Paoli Massacre: Part 6 of 7
Next morning
The morning of September 21 was chilly and wet. Local farmers awoke to find a field of shredded and burned American bodies awash in blood. The Americans suffered greatly. The final count was 53 dead, about 100 wounded and 71 captured. Of the captured, 40 also had been wounded. Since the British had decamped the business of burying the dead was left to the farmers. The land on which the massacre occurred was owned by a Tory who denied the Americans permission to bury their dead there. Tradition holds that the Americans were buried in a common hillside trench overlooking the battlefield.

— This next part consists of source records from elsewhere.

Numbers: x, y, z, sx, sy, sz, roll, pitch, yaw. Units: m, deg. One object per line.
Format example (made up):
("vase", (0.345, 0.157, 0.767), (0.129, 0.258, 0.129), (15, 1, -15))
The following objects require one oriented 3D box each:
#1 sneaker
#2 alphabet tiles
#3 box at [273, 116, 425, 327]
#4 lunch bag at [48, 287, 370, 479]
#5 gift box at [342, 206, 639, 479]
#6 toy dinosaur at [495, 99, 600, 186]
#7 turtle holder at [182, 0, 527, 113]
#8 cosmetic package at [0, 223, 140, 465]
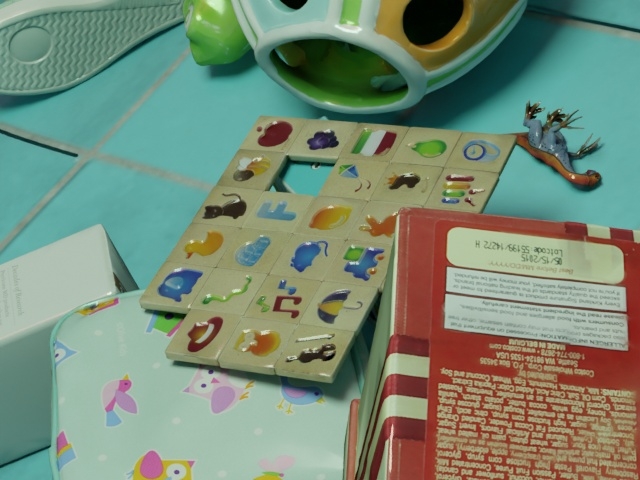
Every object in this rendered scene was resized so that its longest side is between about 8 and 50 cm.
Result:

The fact that the raid occurred at night and involved the dreaded bayonet soon gave rise to rumors that the fight had been a massacre and that the British had bayoneted many men who were trying to surrender.

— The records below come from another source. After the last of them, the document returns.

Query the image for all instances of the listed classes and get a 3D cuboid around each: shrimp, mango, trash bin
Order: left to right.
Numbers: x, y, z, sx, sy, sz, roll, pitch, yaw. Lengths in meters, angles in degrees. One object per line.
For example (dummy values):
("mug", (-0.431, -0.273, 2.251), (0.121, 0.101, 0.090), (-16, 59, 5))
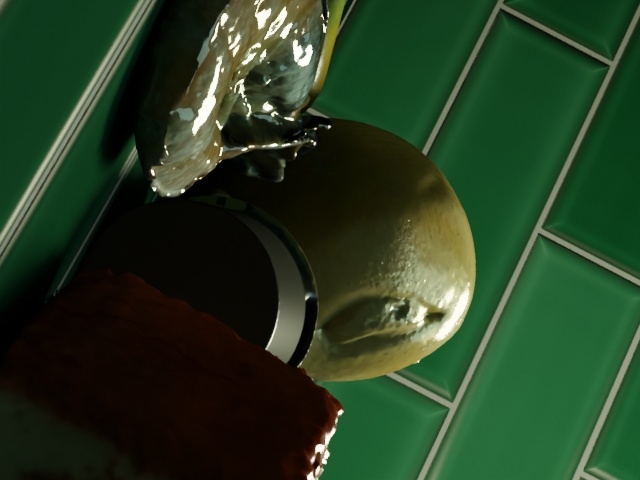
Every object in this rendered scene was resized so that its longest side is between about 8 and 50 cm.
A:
("trash bin", (-0.110, 0.059, 1.482), (0.214, 0.214, 0.334), (-62, 176, -4))
("shrimp", (-0.064, -0.118, 1.273), (0.221, 0.110, 0.445), (-61, 171, -6))
("mango", (-0.022, -0.246, 1.904), (0.130, 0.092, 0.194), (105, 8, -87))

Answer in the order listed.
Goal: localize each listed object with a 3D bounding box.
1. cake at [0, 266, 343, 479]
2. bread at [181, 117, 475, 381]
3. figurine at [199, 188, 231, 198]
("cake", (-0.157, 0.221, 1.142), (0.319, 0.270, 0.269), (-64, 180, 18))
("bread", (0.000, 0.000, 1.871), (0.376, 0.348, 0.253), (-116, -164, -61))
("figurine", (-0.162, 0.019, 1.708), (0.147, 0.093, 0.197), (-28, -144, 48))

After the massacre, the following letter, supposedly written by a Hessian soldier was circulated widely. Historians recognize both that there were no Hessians involved at Paoli and that 53 were killed. It is widely assumed that the following was American-created propaganda.

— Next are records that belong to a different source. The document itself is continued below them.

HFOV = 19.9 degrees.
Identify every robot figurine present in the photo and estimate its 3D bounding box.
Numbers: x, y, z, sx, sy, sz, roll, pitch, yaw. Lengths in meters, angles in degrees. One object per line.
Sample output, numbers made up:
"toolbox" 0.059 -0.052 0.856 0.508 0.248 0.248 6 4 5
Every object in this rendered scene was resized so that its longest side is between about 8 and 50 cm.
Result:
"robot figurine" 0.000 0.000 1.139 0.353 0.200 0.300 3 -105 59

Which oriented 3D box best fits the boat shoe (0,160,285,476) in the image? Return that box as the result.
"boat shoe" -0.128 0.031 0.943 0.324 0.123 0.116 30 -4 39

What a running about barefoot, and half clothed, and in the light of their own fires. These showed us where to chase them, while they could not see us. We killed three hundred of the rebels with the bayonet. I stuck them myself like so many pigs, one after another, until the blood ran out of the touch-hole of my musket.
American propagandists used the Paoli Massacre to rouse anti-British sentiment. Americans thought that bayonets were barbaric. It will not be until Valley Forge that Americans are taught to fight with bayonets. Further, night raids were relatively rare adding to the general horror. Burning of huts gave rise to rumblings that the Americans were burned and bayoneted in their sleep. All this, and rumors that the British killed Americans trying to surrender were shocking.
The British action at Paoli would even influence their own thinking. Two weeks later at the Battle of Germantown a group of besieged British soldiers locked themselves in a house and faced almost certain death rather than to come out and surrender. They were worried that Wayne's men would offer them no quarter after what happened at Paoli.